SuperPro Designer: Modeling a Reactor and Separator

LearnChemE

20 Nov 201209:40

Summary

TLDRThis video provides a step-by-step guide to simulating the biodiesel production process from soybean oil using SuperPro Designer. It covers key stages including registering components (methanol, soybean oil, sodium methoxide), configuring a continuous stirred-tank reactor (CSTR) for the transesterification reaction, and using a centrifuge for separation. The process also involves setting up material and energy balances, adjusting operational parameters, and optimizing equipment for efficient production. The simulation aims for an 83% conversion of soybean oil, with detailed attention to reactor power consumption, separation efficiency, and potential system recycling for higher yields.

Takeaways

😀 The process involves designing a reactor and a separation unit to obtain biodiesel from soybean oil through a transesterification reaction with methanol.
😀 The reaction produces biodiesel and glycerol, with 83% conversion of soybean oil as per the given parameters.
😀 SuperPro Designer software is used to simulate the process, where components like methanol, soybean oil, sodium methoxide, biodiesel, and glycerol are registered.
😀 Key properties, such as molecular weight, density, boiling point, and critical pressure, are entered for each component used in the simulation.
😀 The process uses a Continuous Stirred Tank Reactor (CSTR) with specific power consumption for agitation and a centrifuge for separation of biodiesel from the products.
😀 The reactor's operation is set based on the given power for agitation, and stoichiometry is entered for the reaction between methanol and soybean oil.
😀 In the CSTR, the stoichiometry is defined as 3 moles of methanol per mole of soybean oil, producing 3 moles of biodiesel and 1 mole of glycerol.
😀 The centrifuge is set to remove 99.99% of biodiesel and soybean oil, with specified power consumption for the separation process.
😀 After the separation, additional steps, like splitting glycerol and methanol from impurities, and recycling unreacted soybean oil, are suggested to improve overall conversion.
😀 The batch time for the entire process is 4 hours, and scheduling using a Gantt chart is recommended to optimize equipment operation and timing in batch or continuous modes.

Q & A

What is the main objective of the process described in the video?
-The main objective is to design a reactor and a separation unit to produce biodiesel from soybean oil through a transesterification reaction.
What are the key components involved in the biodiesel production process?
-The key components are soybean oil, methanol, sodium methoxide (as a catalyst), biodiesel, and glycerol.
What is the role of sodium methoxide in the process?
-Sodium methoxide is used as a catalyst to facilitate the transesterification reaction between soybean oil and methanol to produce biodiesel and glycerol.
What is the significance of the 83% conversion rate mentioned in the video?
-The 83% conversion rate refers to the efficiency of the transesterification reaction, indicating that 83% of the soybean oil is converted into biodiesel and glycerol.
What is the function of the centrifuge in the process?
-The centrifuge is used to separate the biodiesel and soybean oil from the other products, primarily glycerol and methanol, based on their density differences.
What is the importance of selecting the correct operating conditions for the reactor?
-Selecting the correct operating conditions, such as temperature, pressure, and power for agitation, ensures optimal performance and conversion rates for the reaction in the reactor.
How are the components registered in the simulation software?
-Components are registered in the SuperPro Designer software by selecting 'Tasks', then 'Pure Components', and adding components like methanol, soybean oil, sodium methoxide, and glycerol.

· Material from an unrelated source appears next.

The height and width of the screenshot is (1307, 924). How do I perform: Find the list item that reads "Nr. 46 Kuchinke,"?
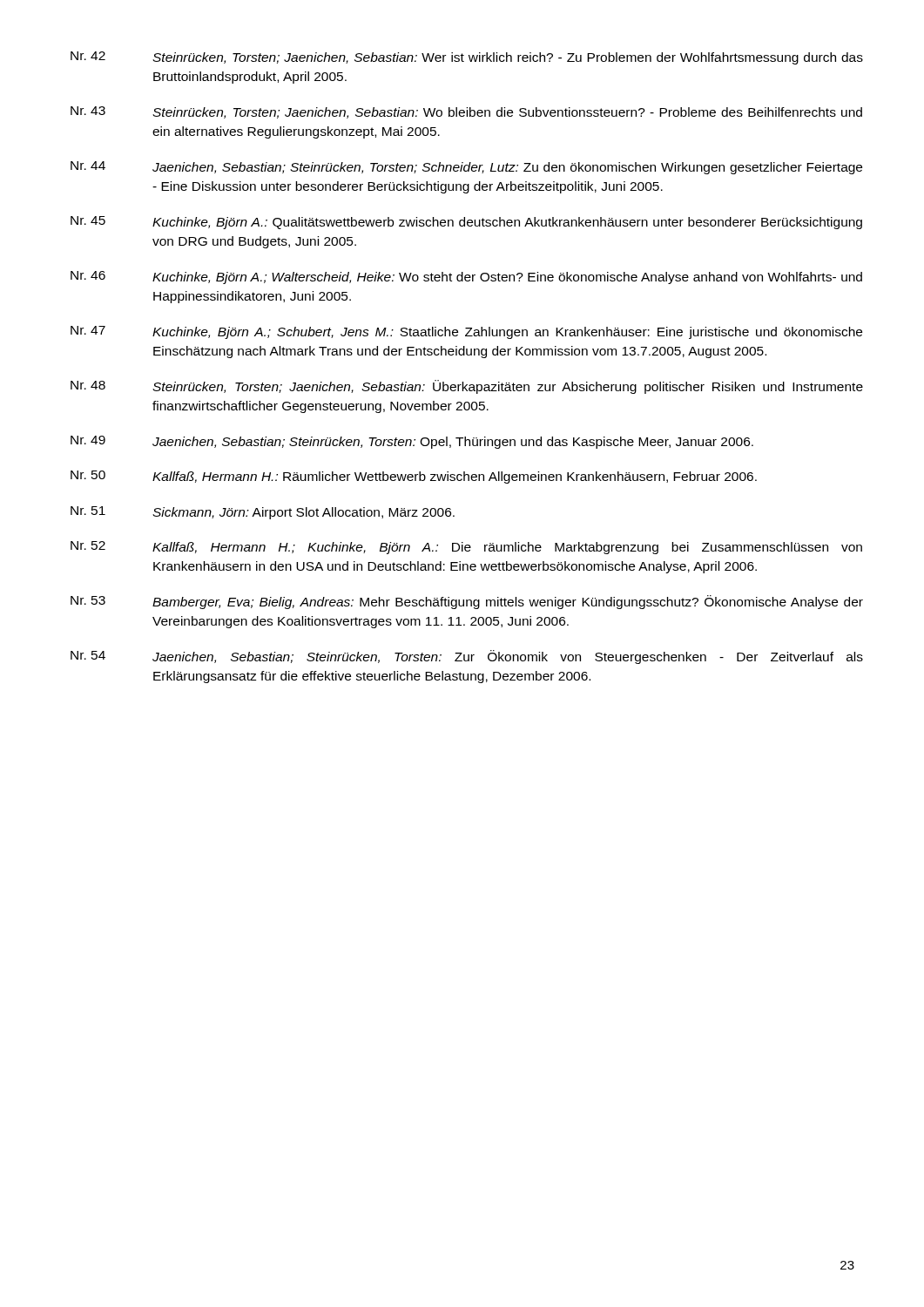point(466,287)

Specific properties such as molecular weight and pressure are also inputted.
What is the purpose of defining the stoichiometry in the reactor?
-Defining the stoichiometry in the reactor ensures that the correct molar ratios are used for the reactants (methanol and soybean oil) and products (biodiesel and glycerol), which is critical for accurate simulations and material balance calculations.
What does the power consumption of 1.4 kW per cubic meter in the reactor indicate?
-The power consumption of 1.4 kW per cubic meter indicates the amount of energy required for agitation within the reactor, ensuring that the reaction occurs effectively.
Why is steam chosen as the heat transfer agent in the reactor?
-Steam is chosen as the heat transfer agent because it is effective at providing the necessary heat to maintain the desired reaction temperature in the reactor, especially at elevated temperatures.